Date: Wed, 18 Jun 2008 13:26:52 -0600
User-agent: Mutt/1.5.13 (2006-08-11)

Tomthemage wrote:
> I'd like to tail a file that's sitting on another server, but simply typing:
> 
> tail address.of.server:/file/to/tail >> output
> 
> doesn't seem to be doing the trick:
> 
> tail: cannot open "address.of.server:/file/to/tail" for reading: No such
> file or directory

Right.  The tail command is expecting a filename there.  You didn't
give it a filename.  You gave it a string that could be a filename on
the local filesystem but probably isn't typical.  There is no reason
that "address.of.server:" can't be a directory.  Try it.  You will see
that the above is potentially a perfectly good local filename.  The
tail program doesn't know anything about rcp-like strings such as the
above.  It only knows about local filesystem filenames.

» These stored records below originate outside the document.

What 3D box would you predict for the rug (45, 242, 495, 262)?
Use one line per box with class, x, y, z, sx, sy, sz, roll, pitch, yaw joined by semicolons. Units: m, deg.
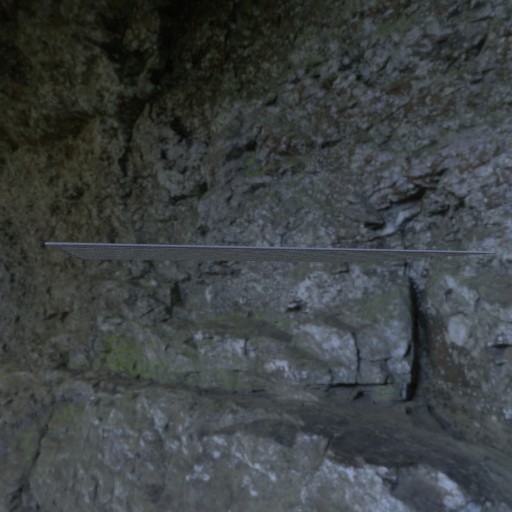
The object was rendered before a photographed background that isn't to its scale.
rug;0.000;0.000;2.851;2.260;0.013;1.600;1;-3;-18
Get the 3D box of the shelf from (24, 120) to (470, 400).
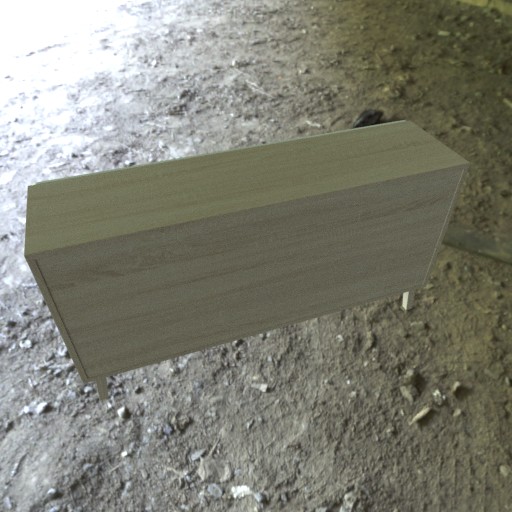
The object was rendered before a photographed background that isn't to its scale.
[{"bbox_3d":[0.000,0.000,1.798,1.490,0.780,0.400,-13,43,-15],"label":"shelf"}]
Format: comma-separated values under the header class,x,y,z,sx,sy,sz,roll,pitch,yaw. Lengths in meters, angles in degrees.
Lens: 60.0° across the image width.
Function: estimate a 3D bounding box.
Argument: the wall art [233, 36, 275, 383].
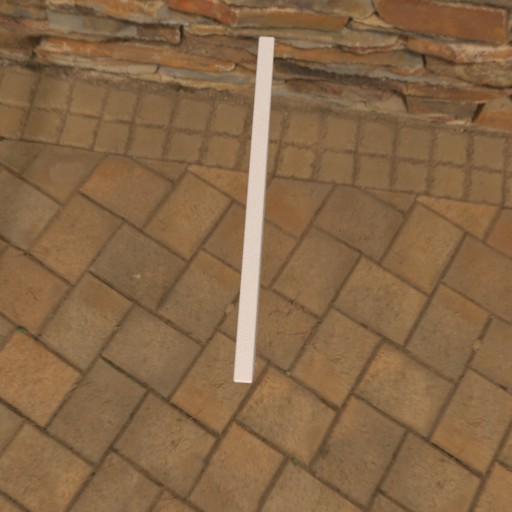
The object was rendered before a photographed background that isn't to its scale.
class,x,y,z,sx,sy,sz,roll,pitch,yaw
wall art,0.000,0.000,1.066,0.026,0.813,0.556,4,76,1
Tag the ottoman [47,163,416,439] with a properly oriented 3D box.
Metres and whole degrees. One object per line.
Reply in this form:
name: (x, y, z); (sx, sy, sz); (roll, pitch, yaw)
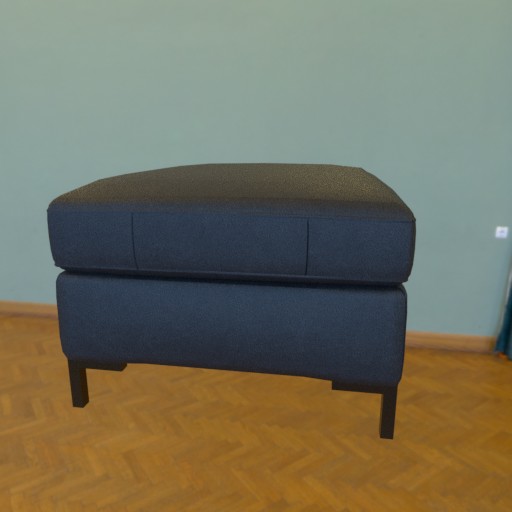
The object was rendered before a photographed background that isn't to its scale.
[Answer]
ottoman: (0.000, 0.000, 1.721); (0.967, 0.696, 1.187); (2, 14, 9)
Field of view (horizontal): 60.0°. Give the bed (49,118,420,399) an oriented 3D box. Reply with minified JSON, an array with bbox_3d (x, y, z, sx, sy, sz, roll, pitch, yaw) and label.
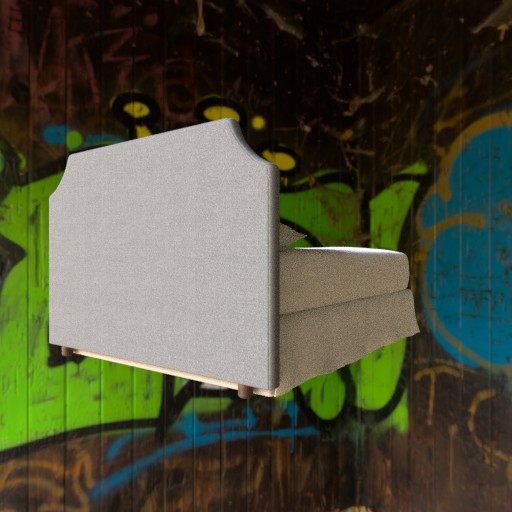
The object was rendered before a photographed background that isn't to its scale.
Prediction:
[{"bbox_3d":[0.000,0.000,3.344,1.811,1.296,2.259,0,0,36],"label":"bed"}]
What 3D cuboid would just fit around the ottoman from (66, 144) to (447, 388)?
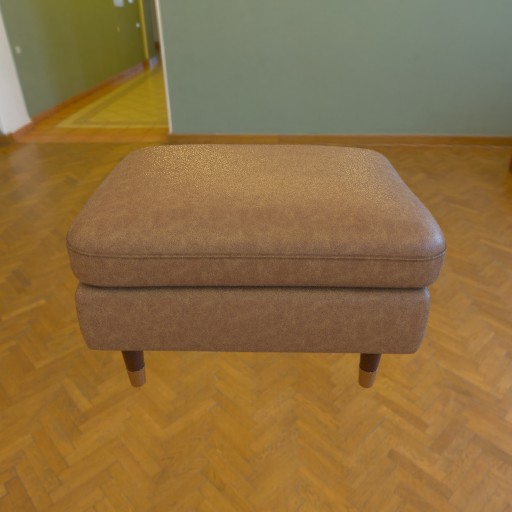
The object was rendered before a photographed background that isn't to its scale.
[{"bbox_3d":[0.000,0.000,1.126,0.747,0.478,0.593,0,30,0],"label":"ottoman"}]
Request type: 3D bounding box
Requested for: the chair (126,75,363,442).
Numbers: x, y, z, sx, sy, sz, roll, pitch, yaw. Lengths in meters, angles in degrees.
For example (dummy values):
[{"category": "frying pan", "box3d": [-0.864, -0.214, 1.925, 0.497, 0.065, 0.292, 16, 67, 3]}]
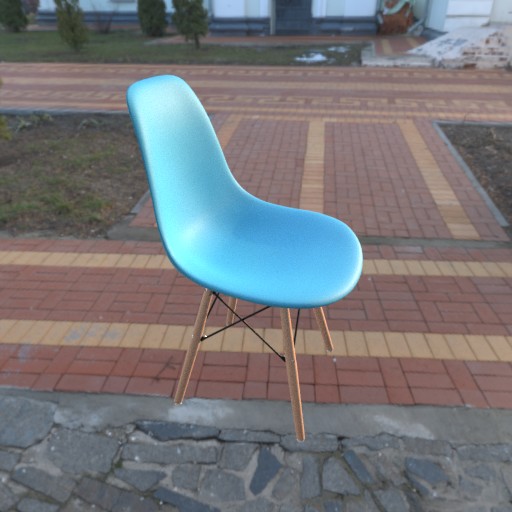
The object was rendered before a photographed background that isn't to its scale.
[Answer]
[{"category": "chair", "box3d": [0.000, 0.000, 1.136, 0.531, 0.826, 0.470, 11, 32, 17]}]
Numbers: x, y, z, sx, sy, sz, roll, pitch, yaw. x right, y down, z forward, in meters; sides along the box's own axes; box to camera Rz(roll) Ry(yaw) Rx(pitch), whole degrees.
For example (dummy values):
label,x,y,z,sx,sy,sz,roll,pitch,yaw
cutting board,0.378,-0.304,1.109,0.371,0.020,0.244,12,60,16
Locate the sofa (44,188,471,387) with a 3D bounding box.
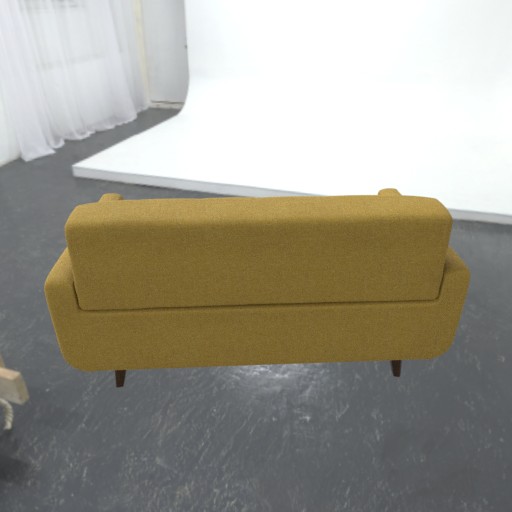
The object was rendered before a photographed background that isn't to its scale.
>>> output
label,x,y,z,sx,sy,sz,roll,pitch,yaw
sofa,0.000,0.000,2.128,1.631,0.841,0.909,-1,30,-3
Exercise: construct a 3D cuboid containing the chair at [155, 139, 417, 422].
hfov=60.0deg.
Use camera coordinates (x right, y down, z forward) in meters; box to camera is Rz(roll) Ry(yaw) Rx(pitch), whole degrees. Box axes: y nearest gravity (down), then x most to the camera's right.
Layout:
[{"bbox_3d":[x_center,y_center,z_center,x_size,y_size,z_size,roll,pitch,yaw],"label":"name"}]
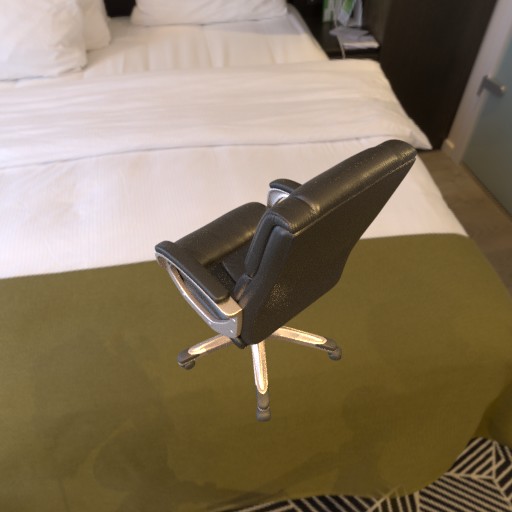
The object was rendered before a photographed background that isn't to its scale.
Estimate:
[{"bbox_3d":[0.000,0.000,1.644,0.700,1.145,0.780,-32,55,-27],"label":"chair"}]
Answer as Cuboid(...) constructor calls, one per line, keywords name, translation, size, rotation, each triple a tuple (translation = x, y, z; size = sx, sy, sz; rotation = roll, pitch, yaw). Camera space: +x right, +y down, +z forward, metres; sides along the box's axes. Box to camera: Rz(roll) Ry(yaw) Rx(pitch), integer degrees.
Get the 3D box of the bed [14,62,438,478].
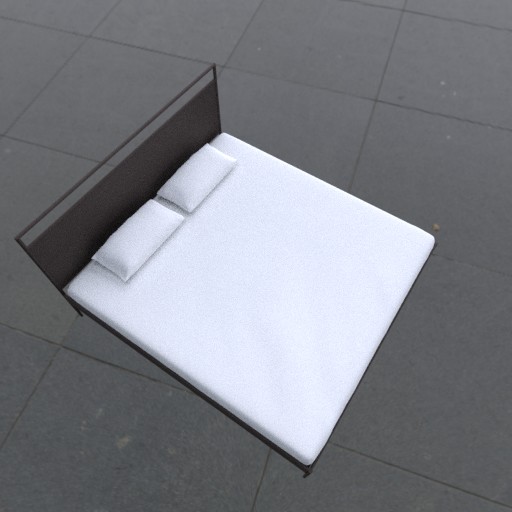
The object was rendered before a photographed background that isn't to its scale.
Cuboid(name="bed", translation=(0.000, 0.000, 3.256), size=(2.151, 1.173, 1.993), rotation=(30, 64, 17))
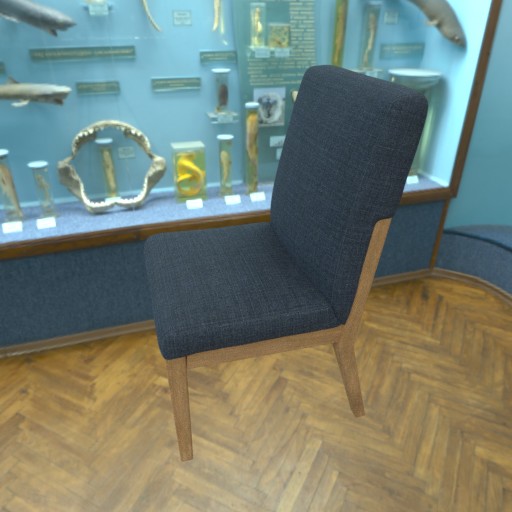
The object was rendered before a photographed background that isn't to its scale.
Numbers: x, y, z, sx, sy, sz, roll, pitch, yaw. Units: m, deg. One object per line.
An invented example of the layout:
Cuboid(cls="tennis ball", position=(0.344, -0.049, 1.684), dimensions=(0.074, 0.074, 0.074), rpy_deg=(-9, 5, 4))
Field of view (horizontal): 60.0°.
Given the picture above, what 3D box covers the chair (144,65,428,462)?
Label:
Cuboid(cls="chair", position=(0.000, 0.000, 1.213), dimensions=(0.586, 0.911, 0.507), rpy_deg=(-8, 31, -14))
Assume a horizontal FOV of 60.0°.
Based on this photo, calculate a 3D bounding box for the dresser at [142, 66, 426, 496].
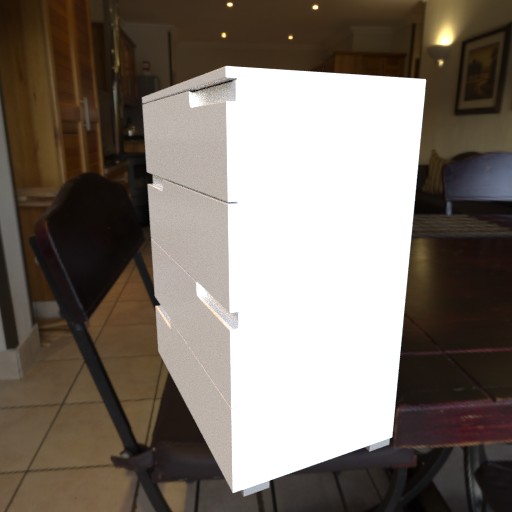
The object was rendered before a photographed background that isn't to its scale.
[{"bbox_3d":[0.000,0.000,1.137,0.400,0.800,0.650,-7,17,-24],"label":"dresser"}]
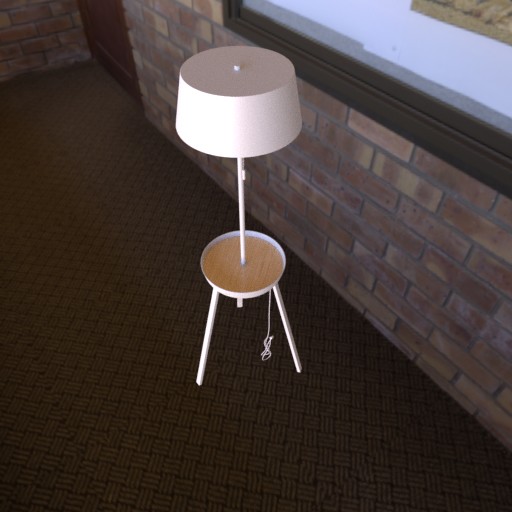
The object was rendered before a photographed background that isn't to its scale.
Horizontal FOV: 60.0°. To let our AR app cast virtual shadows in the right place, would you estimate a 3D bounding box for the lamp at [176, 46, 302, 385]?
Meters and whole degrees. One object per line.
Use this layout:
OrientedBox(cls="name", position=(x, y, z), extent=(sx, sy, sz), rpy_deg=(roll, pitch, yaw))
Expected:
OrientedBox(cls="lamp", position=(0.000, 0.000, 1.674), extent=(0.468, 1.429, 0.508), rpy_deg=(16, 49, 15))
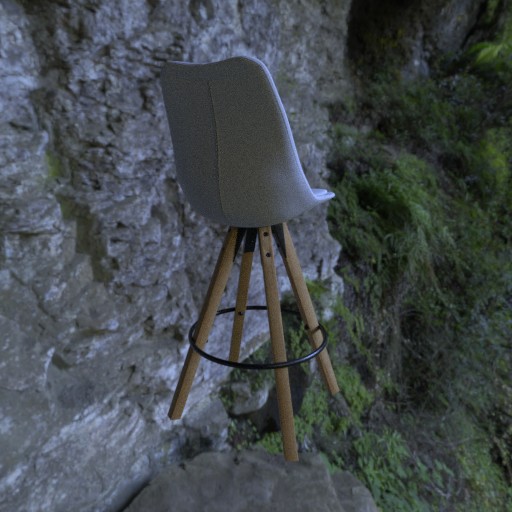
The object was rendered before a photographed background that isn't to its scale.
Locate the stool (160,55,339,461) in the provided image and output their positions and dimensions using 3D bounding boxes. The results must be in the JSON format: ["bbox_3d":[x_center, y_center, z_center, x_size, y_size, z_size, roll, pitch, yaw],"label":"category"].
[{"bbox_3d":[0.000,0.000,1.437,0.484,1.115,0.550,8,18,26],"label":"stool"}]
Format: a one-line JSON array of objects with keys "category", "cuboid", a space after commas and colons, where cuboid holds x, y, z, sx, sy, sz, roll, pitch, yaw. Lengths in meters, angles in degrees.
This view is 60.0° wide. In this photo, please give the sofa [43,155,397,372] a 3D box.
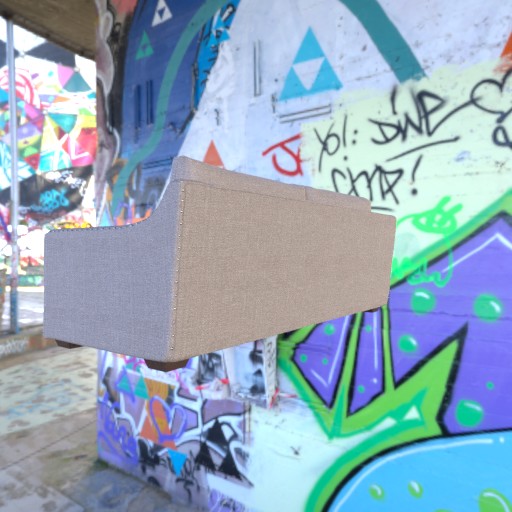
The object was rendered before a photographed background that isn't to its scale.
[{"category": "sofa", "cuboid": [0.000, 0.000, 2.738, 1.000, 0.857, 2.208, 1, 1, 37]}]
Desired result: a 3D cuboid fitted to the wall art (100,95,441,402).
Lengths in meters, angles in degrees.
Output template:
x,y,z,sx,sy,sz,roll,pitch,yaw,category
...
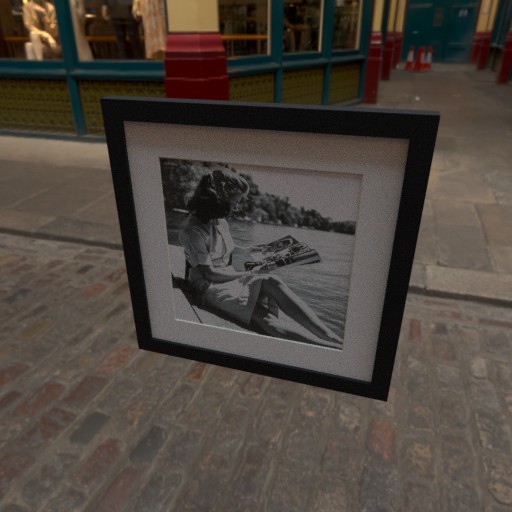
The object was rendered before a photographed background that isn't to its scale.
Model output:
x,y,z,sx,sy,sz,roll,pitch,yaw,category
0.000,0.000,0.698,0.462,0.458,0.030,8,29,15,wall art
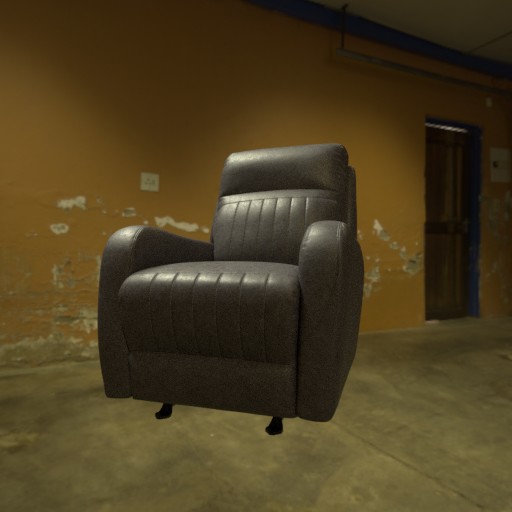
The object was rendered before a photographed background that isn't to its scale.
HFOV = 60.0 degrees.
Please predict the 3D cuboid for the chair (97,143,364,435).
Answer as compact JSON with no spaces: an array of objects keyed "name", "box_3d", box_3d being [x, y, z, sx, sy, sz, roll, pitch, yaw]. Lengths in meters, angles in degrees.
[{"name":"chair","box_3d":[0.000,0.000,1.819,0.865,1.067,1.067,0,0,19]}]
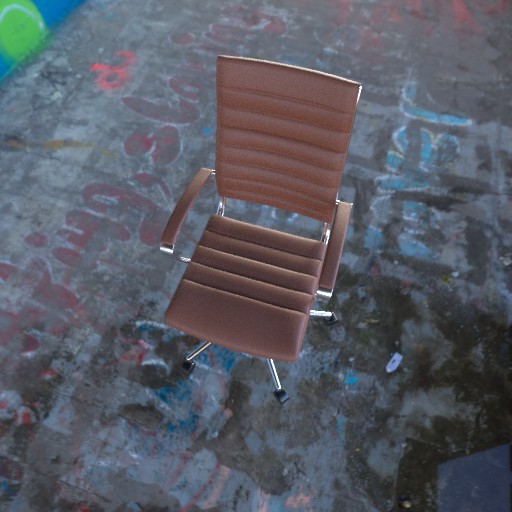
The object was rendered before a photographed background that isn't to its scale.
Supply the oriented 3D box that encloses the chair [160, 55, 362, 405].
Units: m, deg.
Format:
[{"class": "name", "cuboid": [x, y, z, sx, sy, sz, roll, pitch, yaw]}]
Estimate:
[{"class": "chair", "cuboid": [0.000, 0.000, 1.640, 0.766, 1.149, 0.739, 15, 60, 9]}]
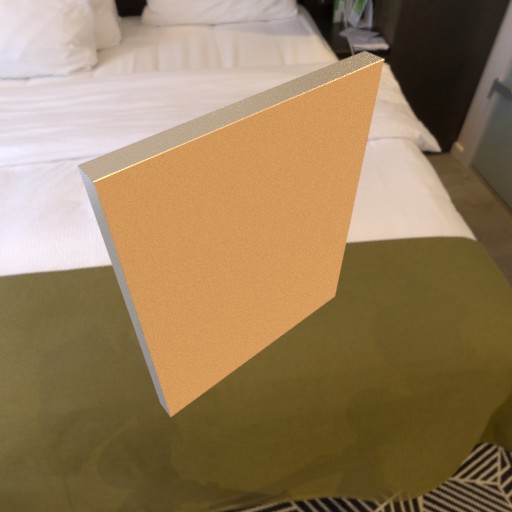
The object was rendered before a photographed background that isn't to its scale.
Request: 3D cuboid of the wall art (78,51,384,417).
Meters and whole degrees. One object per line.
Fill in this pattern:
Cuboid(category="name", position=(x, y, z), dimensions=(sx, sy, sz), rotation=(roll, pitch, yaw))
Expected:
Cuboid(category="wall art", position=(0.000, 0.000, 0.748), dimensions=(0.452, 0.549, 0.038), rotation=(-31, 54, -26))

  mkdir -p address.of.server:/file/to
  date -R > address.of.server:/file/to/tail
  tail address.of.server:/file/to/tail

Since tail couldn't open the file on the local filesystem it reported
the error.

> I'm fairly new to bash and linux in general, so how should I form this?

First, this isn't really a bug-bash issue and so this is off-topic for
this mailing list.  I can't resist trying to help anyway but will keep
the response short.

You seem to know about ssh because you included the name in your
subject line.  Why don't you use ssh to access that file?

> I know how to access this file normally, and I CAN do this by just
> logging onto the server and then typing:
> 
> tail /file/to/tail >> output
> 
> but I, for whatever reason, want to consolidate everything to one statement,
> if possible.

Try using ssh to access the file.

  ssh -n example.com tail /file/to/tail >> output

That will use ssh without reading stdin to the remote host machine and
on the remote host will execute tail of the there file and the stdout
will be appended to output on the local filesystem.

Note that the appending of the output seems suspicious to me.  This
will duplicate the lines if the command is run multiple times.